* _YOUR TASK_
Looking through the listing below, state how many lines have the word "axis" in them. Only the number should be given.

====== AVAILABLE RECORDS ======

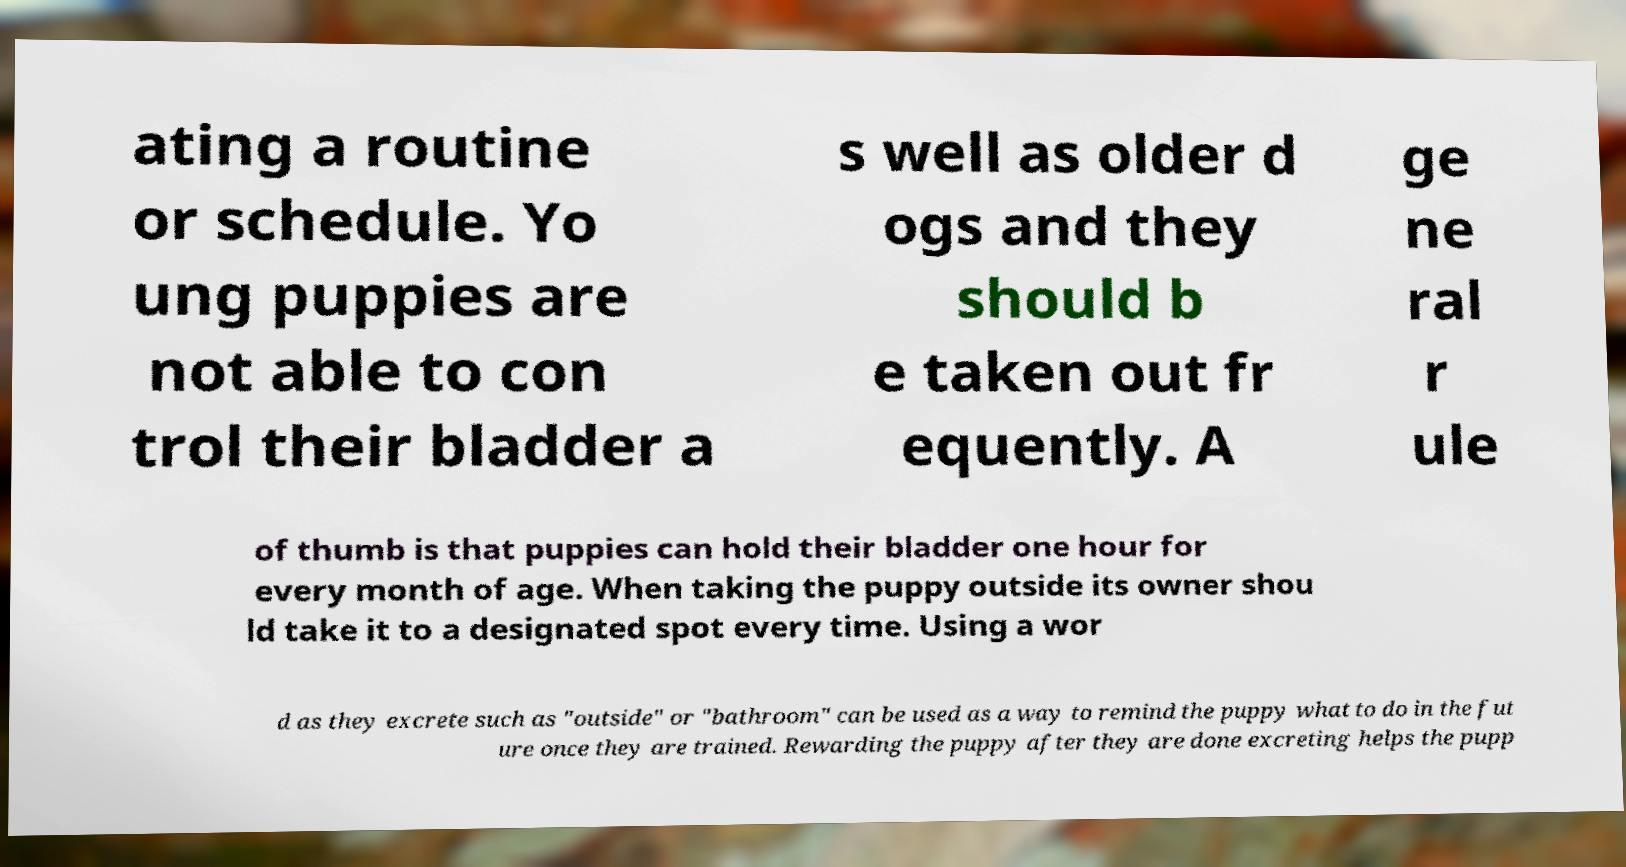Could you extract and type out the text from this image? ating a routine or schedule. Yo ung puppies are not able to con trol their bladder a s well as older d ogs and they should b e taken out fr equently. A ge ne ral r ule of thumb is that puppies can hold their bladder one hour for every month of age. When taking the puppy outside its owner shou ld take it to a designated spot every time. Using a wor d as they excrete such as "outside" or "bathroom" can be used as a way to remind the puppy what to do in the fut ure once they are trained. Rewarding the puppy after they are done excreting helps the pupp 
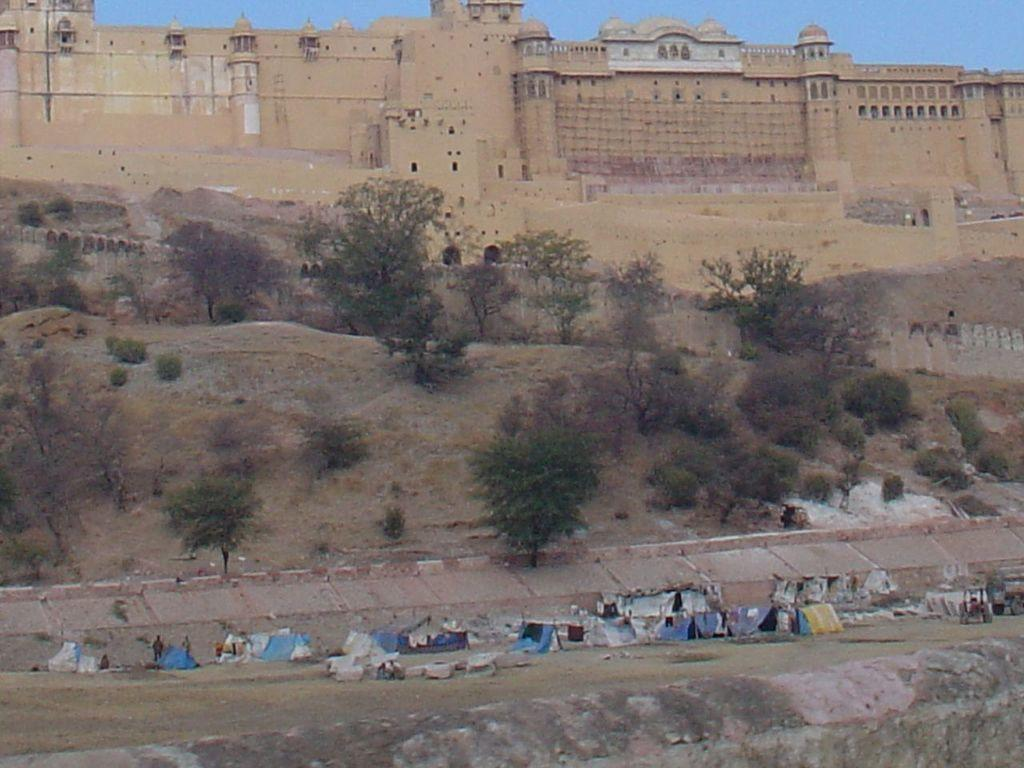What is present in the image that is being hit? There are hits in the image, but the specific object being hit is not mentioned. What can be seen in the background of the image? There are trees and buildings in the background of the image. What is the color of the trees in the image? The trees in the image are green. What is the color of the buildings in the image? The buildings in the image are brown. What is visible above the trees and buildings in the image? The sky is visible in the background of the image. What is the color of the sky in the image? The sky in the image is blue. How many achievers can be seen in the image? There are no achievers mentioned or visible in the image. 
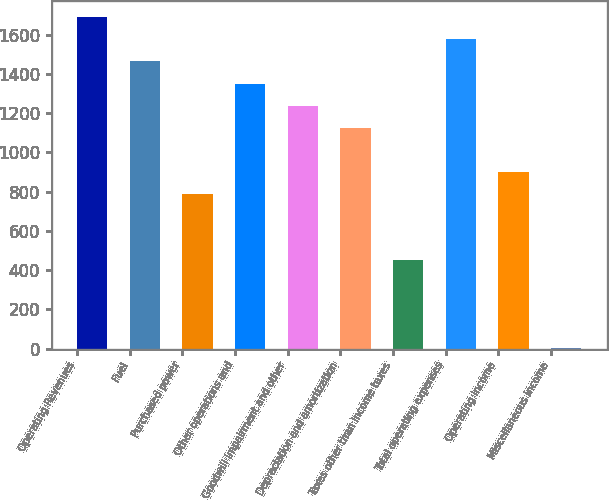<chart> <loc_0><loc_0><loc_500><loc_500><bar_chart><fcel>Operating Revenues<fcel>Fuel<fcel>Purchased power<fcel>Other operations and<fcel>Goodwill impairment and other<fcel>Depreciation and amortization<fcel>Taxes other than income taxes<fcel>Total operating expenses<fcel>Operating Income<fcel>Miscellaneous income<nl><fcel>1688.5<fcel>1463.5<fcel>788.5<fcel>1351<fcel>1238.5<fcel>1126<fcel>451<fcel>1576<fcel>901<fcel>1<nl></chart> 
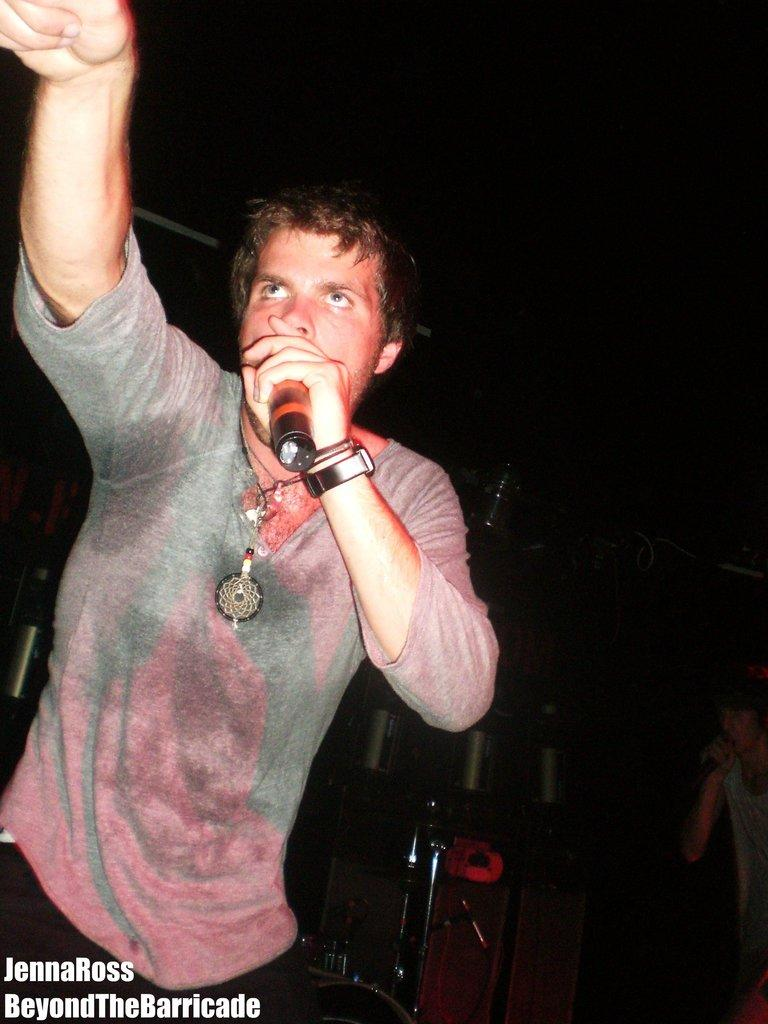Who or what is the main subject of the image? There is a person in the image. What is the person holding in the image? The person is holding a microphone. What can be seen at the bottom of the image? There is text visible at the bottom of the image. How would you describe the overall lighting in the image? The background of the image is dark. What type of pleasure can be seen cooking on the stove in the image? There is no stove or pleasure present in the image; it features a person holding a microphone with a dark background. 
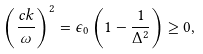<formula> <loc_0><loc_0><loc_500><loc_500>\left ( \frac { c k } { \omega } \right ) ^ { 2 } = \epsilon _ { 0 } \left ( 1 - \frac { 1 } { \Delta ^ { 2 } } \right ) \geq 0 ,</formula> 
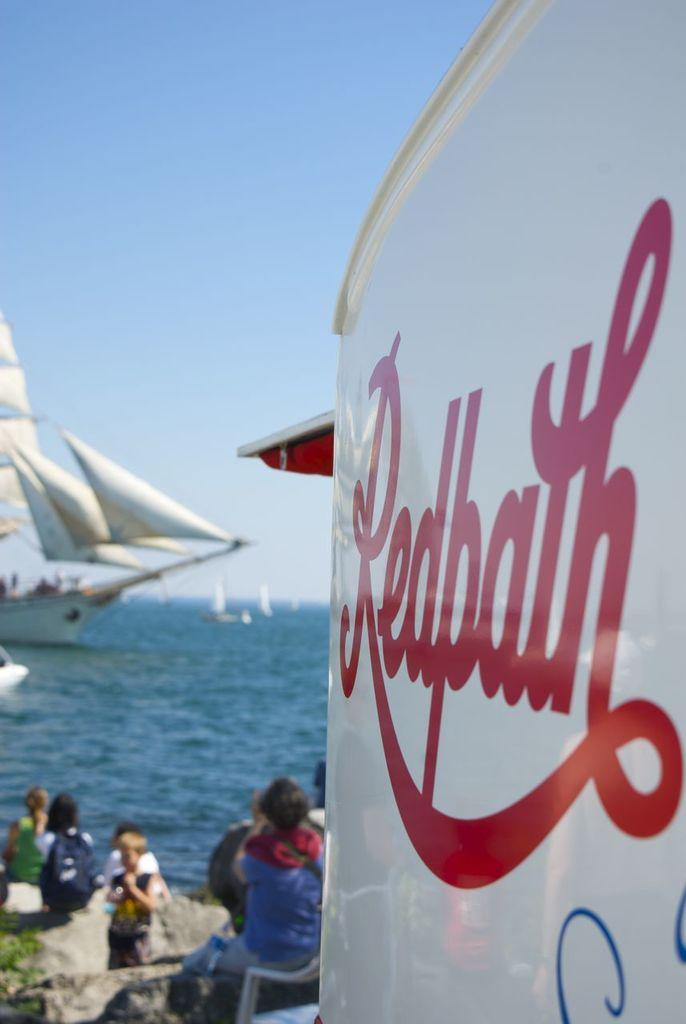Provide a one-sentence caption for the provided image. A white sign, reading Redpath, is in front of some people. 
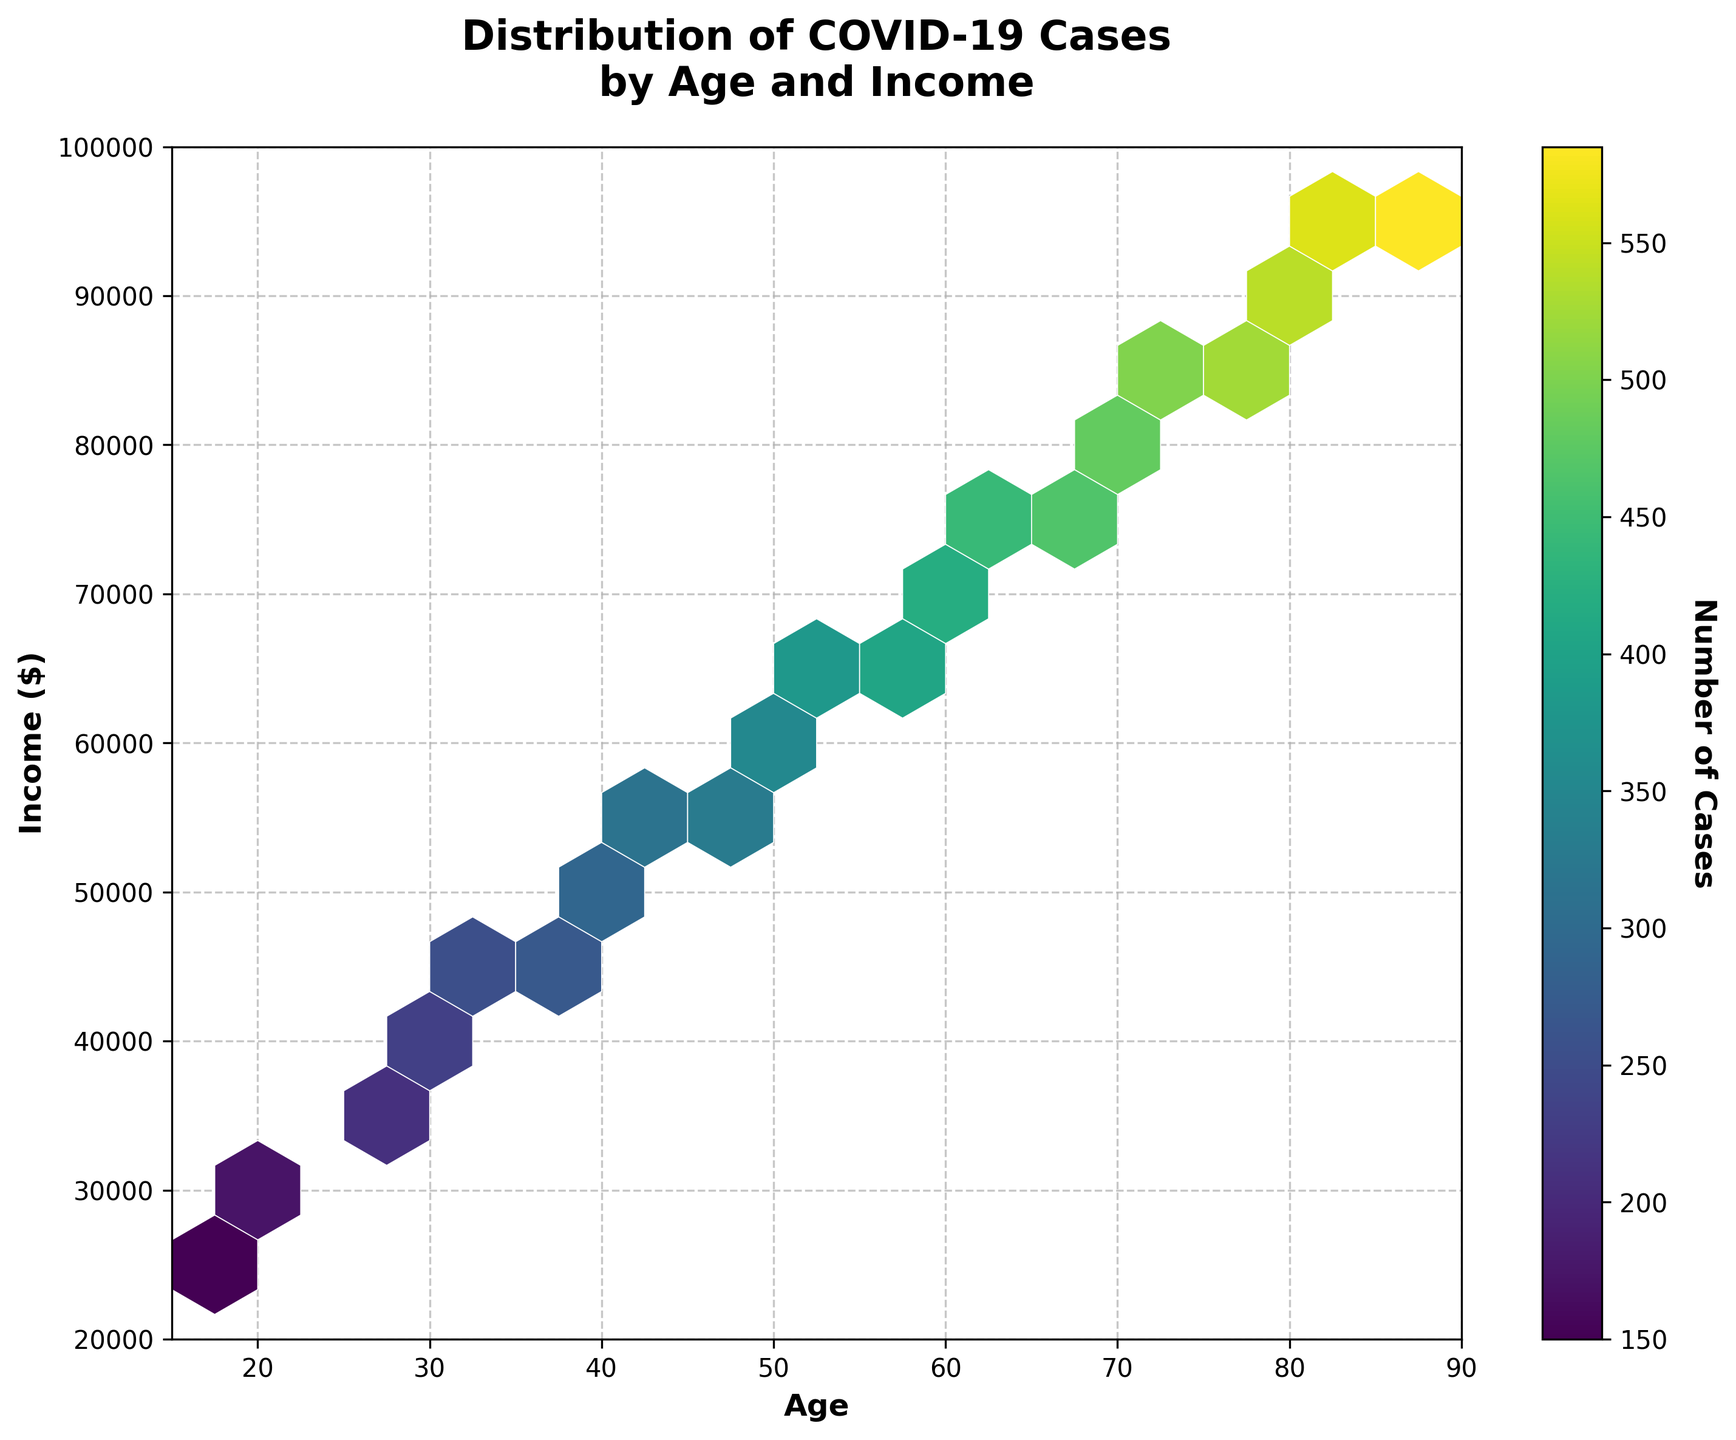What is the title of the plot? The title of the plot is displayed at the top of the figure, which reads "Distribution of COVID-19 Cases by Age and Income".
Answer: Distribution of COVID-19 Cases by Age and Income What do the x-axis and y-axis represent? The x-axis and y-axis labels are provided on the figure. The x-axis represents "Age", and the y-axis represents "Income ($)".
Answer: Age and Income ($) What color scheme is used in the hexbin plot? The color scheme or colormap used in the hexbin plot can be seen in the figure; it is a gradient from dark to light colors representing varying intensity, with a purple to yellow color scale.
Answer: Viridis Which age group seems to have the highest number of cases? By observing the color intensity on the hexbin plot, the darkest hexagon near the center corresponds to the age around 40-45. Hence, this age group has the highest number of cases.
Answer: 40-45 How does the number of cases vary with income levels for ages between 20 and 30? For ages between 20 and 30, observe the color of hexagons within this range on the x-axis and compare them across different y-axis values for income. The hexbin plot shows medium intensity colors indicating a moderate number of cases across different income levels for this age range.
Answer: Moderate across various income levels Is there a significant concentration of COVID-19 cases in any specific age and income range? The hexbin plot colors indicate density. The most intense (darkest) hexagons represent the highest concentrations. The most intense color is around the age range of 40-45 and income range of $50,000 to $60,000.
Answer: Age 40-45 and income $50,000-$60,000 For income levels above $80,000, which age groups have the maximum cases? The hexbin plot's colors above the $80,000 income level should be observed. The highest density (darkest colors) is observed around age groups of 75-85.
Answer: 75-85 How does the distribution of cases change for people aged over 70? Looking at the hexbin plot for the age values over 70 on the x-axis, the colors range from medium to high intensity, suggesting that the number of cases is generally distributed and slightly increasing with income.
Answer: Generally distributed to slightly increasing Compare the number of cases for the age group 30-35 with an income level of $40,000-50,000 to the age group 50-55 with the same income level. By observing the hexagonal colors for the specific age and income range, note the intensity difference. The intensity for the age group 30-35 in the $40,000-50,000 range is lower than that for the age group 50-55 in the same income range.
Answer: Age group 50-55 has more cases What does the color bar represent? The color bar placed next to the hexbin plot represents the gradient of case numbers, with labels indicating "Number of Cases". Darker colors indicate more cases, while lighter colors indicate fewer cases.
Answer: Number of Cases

======

* _WRITTEN RESPONSE_
3